L'agréable reconnaissance



«Je suis en proie à une étrange sensation. Si ce n’est pas une indigestion, ça doit être de la gratitude!» (Benjamin Disraeli)


           La gratitude... Le dictionnaire Littré nous en décrit l'étymologie ainsi: «Du Latin gratitudinem, reconnaissance, de gratus, agréable [1].» Une fort agréable reconnaissance... Une chouette envie de montrer sa satisfaction éternelle. Dire merci, ça semble si simple, en fait. C'est même devenu une réponse automatique à un «s'il vous plait», un peu comme ces messages d'absence prolongée que l'on programme dans nos boîtes de courriels au bureau et qui sont mécaniquement semés à tout vent pendant qu'on se fait griller la cuisse de poulet dans le Sud. On dit merci pour des cadeaux reçus, pour des services rendus, pour les fois où la peau de nos fesses a été sauvée in extremis... Mais pourquoi ne devrait-on pas prendre le temps, une fois par année, ne serait-ce, de remercier l'univers pour ces détails qui ont forgé l'être subliiiiime et irrrrrrésistible que nous sommes au quotidien? C'est ce que j'ai décidé de faire aujourd'hui. Je rends grâce à qui de droit pour les morceaux du casse-tête de ma personnalité que j'ai été capable d'assembler jusqu'à maintenant.


            Alors voilà, dans quatre, trois, deux, un, zéro...


            MERCI!


           Merci maman chérie de m'avoir laissé coller un gigantesque poster de Samantha Fox en bobettes (toussotements) sur la porte de ma chambre, quand j'avais sept ans, et de ne pas avoir trop sourcillé quand j'ai déclaré solennellement que j'allais lui ressembler plus tard. Tu le savais, dans le fond, que tout ce qui comptait était que je «wanna have some fun». J'avais même dit à ma coiffeuse Manon du Salon Idéal que mon but dans la vie était d'avoir des gros melons. Il faut faire attention à ce que l'on souhaite. On pourrait être entendu... Merdouille.


          Merci Rita Lachance, de m'avoir poussée à continuer d'écrire tout ce qui me passait par la caboche quand j'étais une rate de biblio adolescente, et de m'avoir convaincue que ça, je savais le faire. L'encouragement de la famille, c'est une chose, mais la confiance d'une inconnue, c'est un cadeau tombé du firmament.   


           Merci Nestlé d'avoir inventé le Drumstick au caramel, d'y avoir ajouté des peanuts et d'avoir rempli le fond du cône de chocolat (la meilleure partie). Tu m'as aidée à guérir des peines d'amour, à passer des trips bouffes, à effacer des moments de cafard, à rafraîchir mes étés brûlants... et à prendre quelques kilos, par moments. Mouais...
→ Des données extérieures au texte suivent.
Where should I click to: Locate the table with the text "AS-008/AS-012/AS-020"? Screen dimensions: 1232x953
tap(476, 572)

           Merci IYS d'avoir permis de réseauter des milliers de jeunes de partout dans le monde, à l'ère où Internet n'était pas encore rendu dans les chaumières. Je suis devenue une voyageuse à dos de cartes postales colorées, de timbres exotiques et de papier à lettres parfumé grâce à tes jumelages. Et mes échanges avec Florine, Chris, Karla, Yacouba, Mubasshir, Anne, Giulia, Sandi et tous ces autres adolescents ont fait de moi une toute jeune citoyenne du monde plus qu'allumée. À douze ans, je savais déjà qu'il ne fallait pas faire toute une histoire de la religion, de la langue, de la plupart des coutumes et de la distance. À vingt ans, je n'avais déjà plus de nationalité ni de frontières dans ma tête. À presque quarante ans, j'ai encore et toujours envie d'en savoir plus sur l'autre.
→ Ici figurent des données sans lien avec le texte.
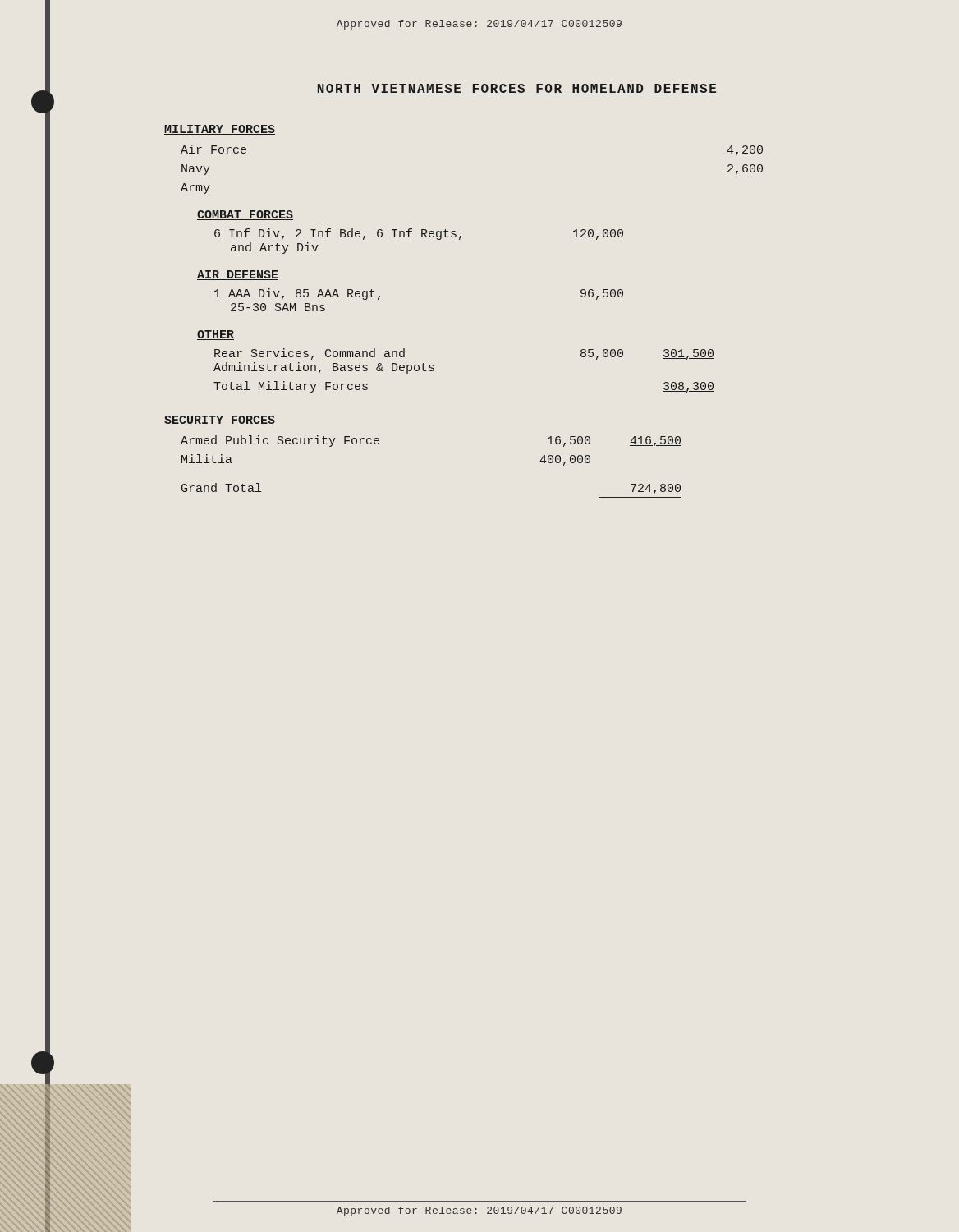Viewport: 959px width, 1232px height.
Task: Where does it say "COMBAT FORCES"?
Action: (245, 216)

            Merci à l'amitié féminine indéfectible, celle qui reste en place malgré l'espacement des contacts, les épreuves de la vie et la folie du quotidien. Merci à Mélanie d'être là depuis la nuit des temps dans mes haut-le-cœur comme dans mes bas de Noël, à Lizzy de partager tant de fou-rires trilingues, à Roxana que je n'ai pas vue depuis vingt ans mais qui ne m'oublie jamais, à Hend, ma belle beauté égyptienne débrouillarde et féministe, à ma sublime Özlem, ma lointaine sœur de cœur, à Elisabeth, que j'ai vu se métamorphoser avec les années comme un beau papillon, à Emel, même si elle est une maudite beşiktaşlı [2], à Marisela, mi angelito mexicano... Merci les femmes!
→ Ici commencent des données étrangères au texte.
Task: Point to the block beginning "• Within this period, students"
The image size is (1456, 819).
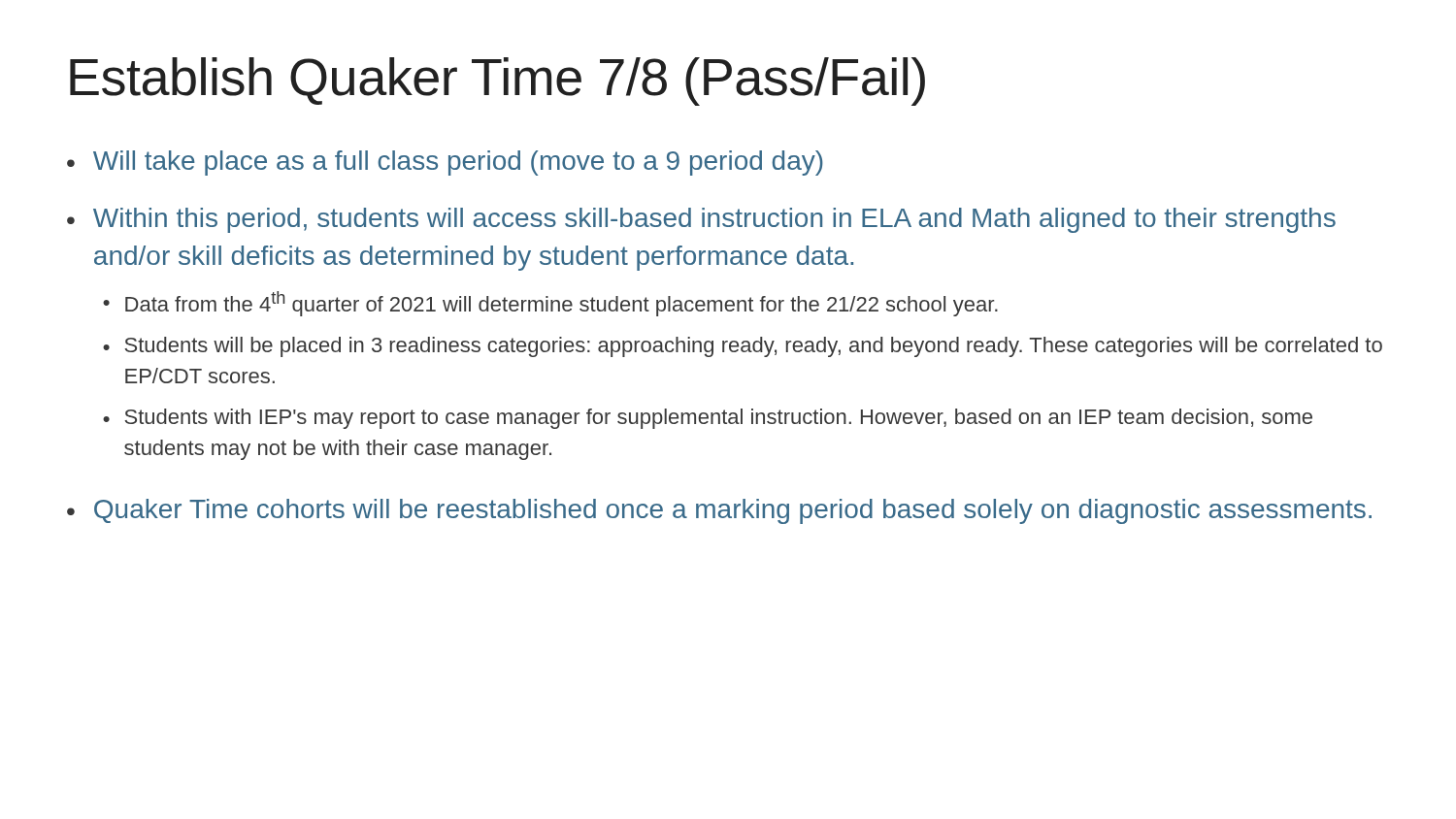Action: [728, 336]

            Merci, Seleção du Brésil de la coupe du monde de football de 1994. Tu as été une révélation pour moi. Après avoir trippé solide pendant un mois sur les cas de Tafarel et Romário, j'ai commencé à suivre le foot. Et le but raté de Roberto Baggio lors de cette finale avait été un de ces moments satisfaisants (pour ne pas dire jouissifs) que l'on vit de temps à autre dans notre longue existence plus monotone qu'autre chose (sorry, amici italiani).


           Merci à Dame Nature de continuer de m'émoustiller à tous les jours avec ses couchers de soleil bas-laurentiens imbattables, ses saisons qui défilent sur le catwalk du temps pour m'empêcher de m'asseoir trop confortablement sur la facilité et de n'être pas assez humble, ses myosotis au doux parfum inoubliable, ses geais bleus ne se contentant pas seulement d'être une équipe de baseball, mais qui nous enseignent surtout la résilience et la fidélité.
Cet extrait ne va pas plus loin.